Gem #81: GNAT Semaphores
by Pat Rogers —AdaCore
Let's get started…
A number of semaphore definitions exist, although the general concept remains as introduced by Dijkstra in 1968. We assume the reader has some familiarity with semaphores and their semantics, and so we will not cover them here. Many books are available for those requiring additional information. See especially Principles of Concurrent and Distributed Programming by M. Ben-Ari.
The GNAT.Semaphores package defines two semaphore abstractions, both in terms of protected types. We use protected types, rather than defining abstract data types based on operating-system facilities, for the sake of portability. A simple wrapper around the facilities of an operating system or RTOS would be reasonable, but the resulting interface (and implementation, of course) would not have the portability required of the general-purpose GNAT hierarchy.
The first abstraction defines a "counting" semaphore, in which an integer count is maintained by the operations, such that the acquire operation only executes (and thus returns, allowing the caller to continue) when the count is greater than zero. Counting semaphores are convenient for expressing condition synchronization in terms of the availability of some number of resources. For example, with a circular bounded buffer, a semaphore's count can represent the number of available buffer slots. Callers must wait for the buffer to be non-full when attempting to insert a new item, and the blocking call to acquire the semaphore will achieve that effect directly.

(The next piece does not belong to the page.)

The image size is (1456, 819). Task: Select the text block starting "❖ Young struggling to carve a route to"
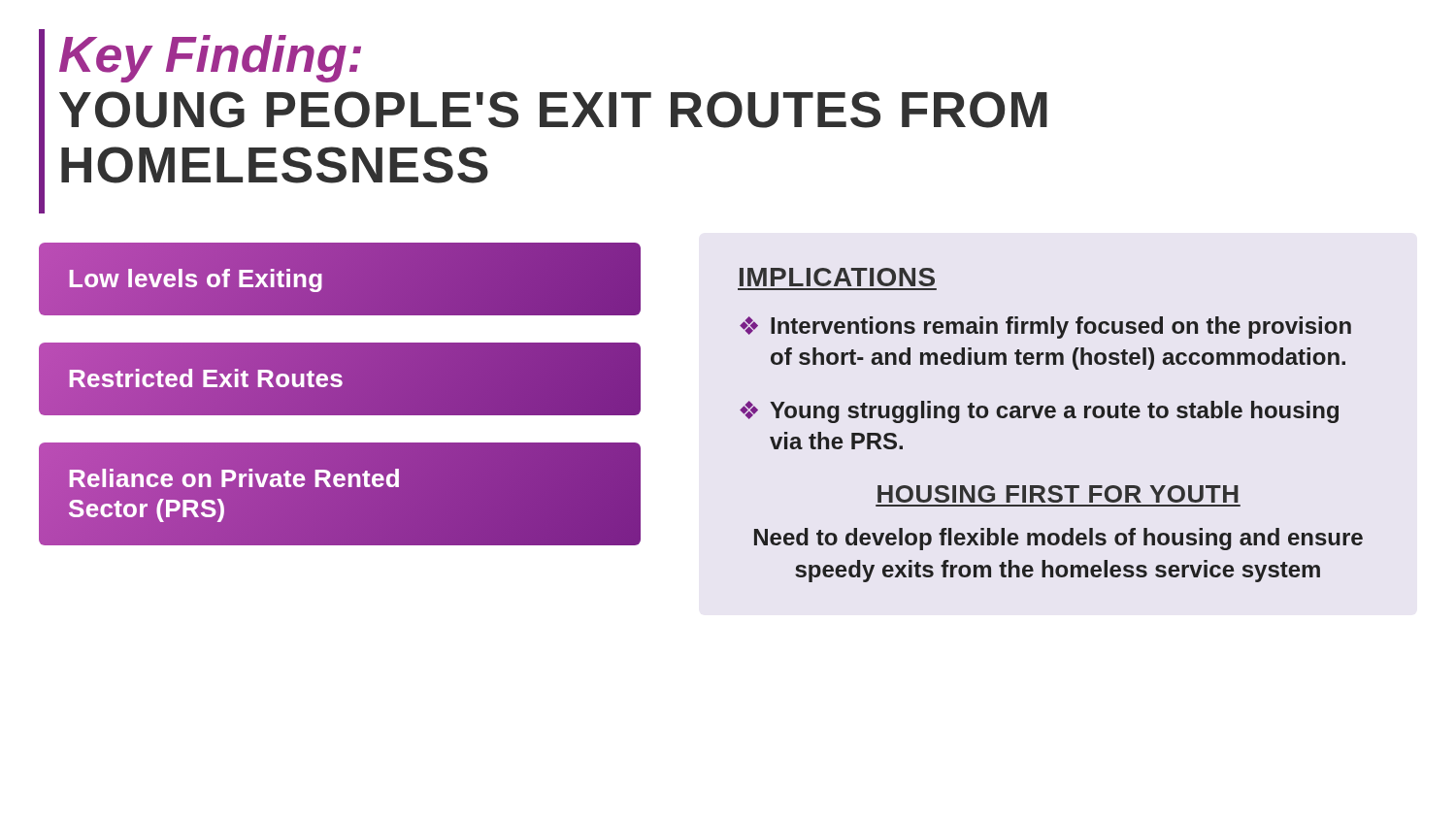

The declaration for the counting semaphore is as follows. Note that we have removed the in-line comments for the sake of brevity, but will cover their content.

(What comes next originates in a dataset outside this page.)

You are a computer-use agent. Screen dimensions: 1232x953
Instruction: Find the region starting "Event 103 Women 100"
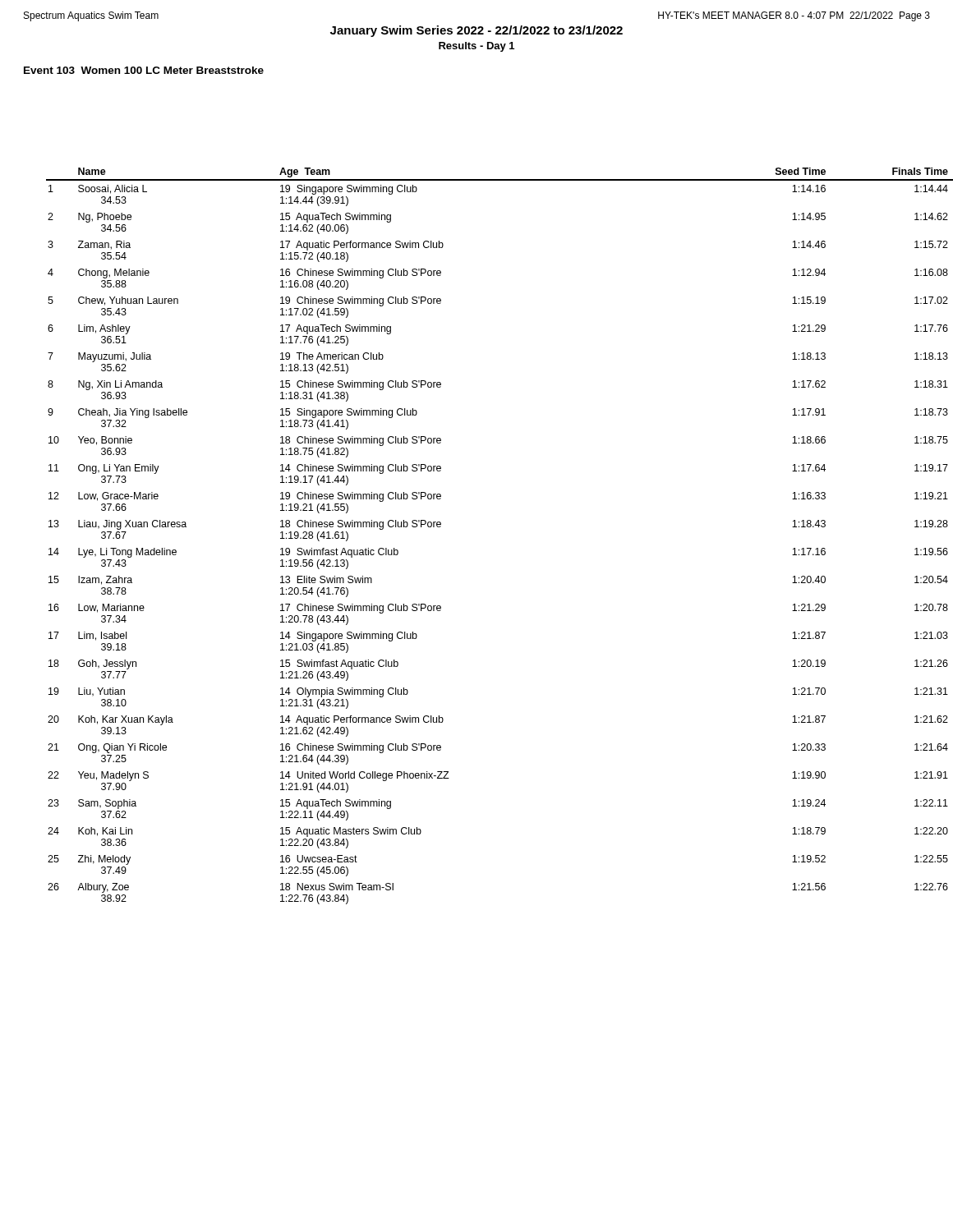click(x=143, y=70)

protected type Counting_Semaphore (Initial_Value : Natural; Ceiling : System.Priority) is pragma Priority (Ceiling); entry Seize; procedure Release; private Count : Natural := Initial_Value; end Counting_Semaphore;
The second type implements "binary" semaphores. This kind of semaphore is less flexible than the counting semaphore, in that no notion of a count is maintained. The abstraction is simply that of a flag indicating whether or not the semaphore is available. (If the value of a counting semaphore varied between zero and one, the effect would be the same.)
protected type Binary_Semaphore (Initially_Available : Boolean; Ceiling : System.Priority) is pragma Priority (Ceiling); entry Seize; procedure Release; private Available : Boolean := Initially_Available; end Binary_Semaphore;
In both cases, the provided operations consist of an entry "Seize" to acquire the semaphore with mutually exclusive access, and a protected procedure "Release" to release it. The Seize operation must be an entry for the sake of the barrier expressing the required condition synchronization. Releasing the semaphore has no such requirement, so it need not be an entry.
Both types are visibly defined as protected types so that users can make conditional and timed calls when appropriate. This capability addresses one of the portability problems with semaphores. Although the basic "acquire" and "release" operations will always be provided (by whatever name), there is no "standard" interface for other forms of interaction. Language-defined constructs provide some of those kinds of interactions, and do so portably.
Both types require discriminants. The counting semaphore type uses a discriminant to specify the initial nonnegative value of the count. The binary semaphore type uses a Boolean discriminant to specify whether the semaphore should be initially available. For example, a binary semaphore would be initially available when used to express mutual exclusion, but might not be initially available when used to express condition synchronization.
In addition, both types use another discriminant to specify the ceiling priority for objects of the type. The discriminant is then passed as the argument to pragma Priority. If the Real-Time Systems Annex is in force this part is essential; otherwise it has no effect. Note that a default value cannot be provided for the Ceiling discriminant because that would require a default for the other discriminant, too. The best we can do is to define a convenient value to be used in declarations of individual objects when the Real-Time Annex is not in force, so the following constant is provided in GNAT.Semaphores:
Default_Ceiling : constant System.Priority := System.Default_Priority;
However, subtypes can be used to enhance convenience, readability and robustness. The earlier Gem (#70) provided an example:
subtype Mutual_Exclusion is Binary_Semaphore (Initially_Available => True, Ceiling => Default_Ceiling);
The subtype ensures that corresponding objects are initially available, but also conveniently supplies the Ceiling discriminant value (assuming the Real-Time Annex is not in force) and gives the reader an indication of the intended use.
As you can see, the declarations of protected types can be very expressive. The discriminants are the part you might not have considered using, although that is by no means an unusual approach. The protected bodies of both types are trivial and will not be shown here. You can see them in the GNAT hierarchy, along with the implementations of all the other GNAT hierarchy packages.